Как могли засвидетельствовать те немногие владыки, кто сумел сохранить свой дух после физической смерти – и в первую очередь император Вишейт[29], который, как поговаривали, прожил больше тысячи лет, – древние ситы сумели преодолеть эту пропасть, но лишь наполовину. Они были настолько поглощены идеей абсолютной власти, что оказались в ловушке между мирами. Находясь на той стороне бытия, они не наставляли молодую поросль Ордена, а значит, их влияние на мир живых было незначительным и их дух давно угас.
В той же степени, в какой до-Бейновы ситы были виновны в собственном вымирании, великие ситские владыки прошлого обрекли себя на скитания по загробному миру, пытаясь побороть смерть тем, что черпали энергию из других, вместо того чтобы разрабатывать глубочайшие пласты Силы и учиться говорить на языке мидихлориан. У Плэгаса же только начало что-то получаться: до определенной степени он уже мог убеждать мидихлорианы, вводить их в заблуждение, побуждать к действию. Он уже научился ускорять с их помощью процесс исцеления, а сейчас наконец-то преуспел в том, чтобы заставить их ослабить свою защиту. Раз он смог усмирить кровожадного йинчорри, сумеет ли он – с небольшой долей внушения – превратить миролюбивое существо в убийцу? Обретет ли он однажды такое влияние на правителей планет и звездных систем, что сможет руководить их действиями, заставляя совершать самые чудовищные и беззаконные поступки? Сможет ли когда-нибудь побороть не только смерть, но и саму жизнь, принудив мидихлорианы рождать на свет чувствительных к Силе существ без какого-либо оплодотворения, как пытался сделать Дарт Тенебрус с помощью своих компьютеров и методик расщепления генов?
Возможно.
Но не раньше, чем пламя светлой стороны погаснет навеки. Не раньше, чем Орден джедаев будет растоптан.
* * *
С самого начала обучения наставник попросил Палпатина рассказать о своих сильных сторонах, чтобы Плэгас мог знать, как их обезвредить; рассказать о своем величайшем страхе, чтобы муун заставил подмастерье встретиться с ним лицом к лицу; поведать о том, что он больше всего ценит, чтобы учитель понял, чего лишить ученика; рассказать о вещах, которых Палпатин страстно желает, чтобы Плэгас мог ему в них отказать.
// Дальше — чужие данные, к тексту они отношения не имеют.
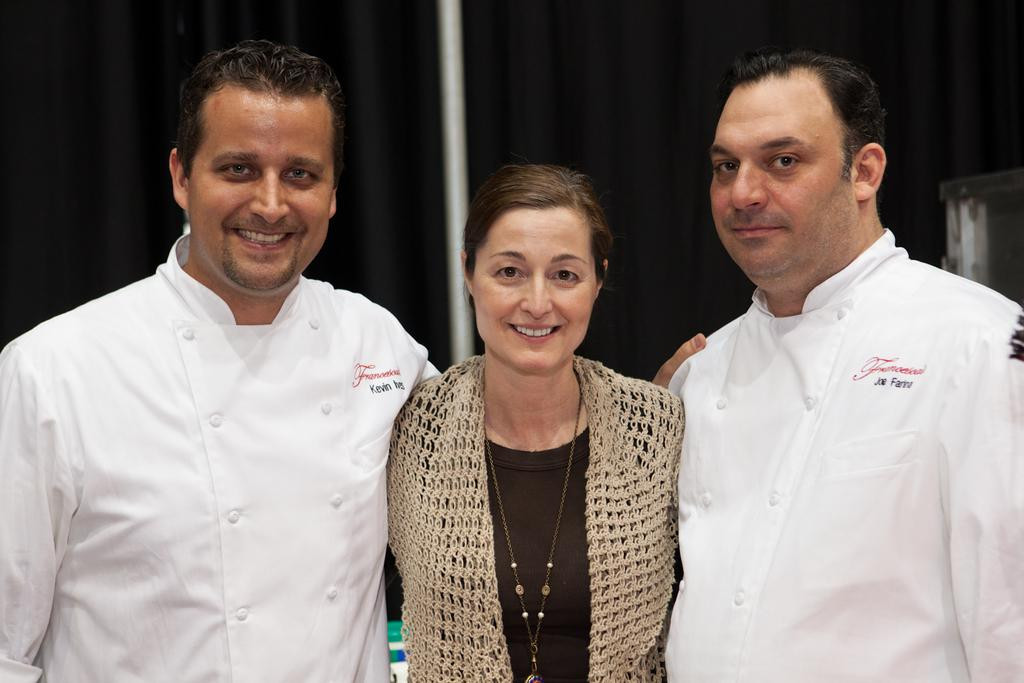How many people are in the image? There are two persons standing and smiling in the image. Can you describe the people in the image? There is a person standing in the image, and they are both standing and smiling. What can be seen in the background of the image? There is a curtain, a pole, and an object in the background of the image. What type of toys can be seen on the slope in the image? There is no slope or toys present in the image. What activity are the people engaged in while standing in the image? The provided facts do not mention any specific activity the people are engaged in; they are simply standing and smiling.

Некая комбинация этих догм – или, быть может, признание Плэгасом того факта, что его ученика неудержимо тянет посетить исконно ситские планеты – и привели Палпатина на живописный Датомир. Негусто населенный и малоисследованный, Датомир не был похож на Коррибан или Зиост, но был насыщен Силой – частично за счет плодородности своих почв, но в основном благодаря присутствию на планете групп женщин-адептов, практиковавших магию темной стороны.
Палпатин бесцельно слонялся по пыльным кварталам города Синей Пустыни – вдали от центра – когда почувствовал слабый импульс Силы, источник которого был неясен, но явно очень близок.
Путешественник еще глубже погрузился в Силу, и его неотвратимо потянуло к таинственному источнику – словно звездный корабль, сдавшийся под напором луча захвата. Череда извилистых улочек вывела его на рыночную площадь. Прилавки ломились от дешевой утвари, фальшивых драгоценностей и прочего хлама, непонятно как попавшего на Датомир, а затем и на площадку поменьше, на углу которой среди сутолоки и давки стояла женщина с покрытым симметричными уродливыми пятнами лицом цвета полированной дюрастали. Ее крикливый наряд выдавал в ней гостью этого города, приехавшую, по всей вероятности, из отдаленной деревни на другой стороне планеты. Капюшон ее багрового плаща был накинут на голову, а с плеча свисала бесформенная сумка размером с небольшой чемодан.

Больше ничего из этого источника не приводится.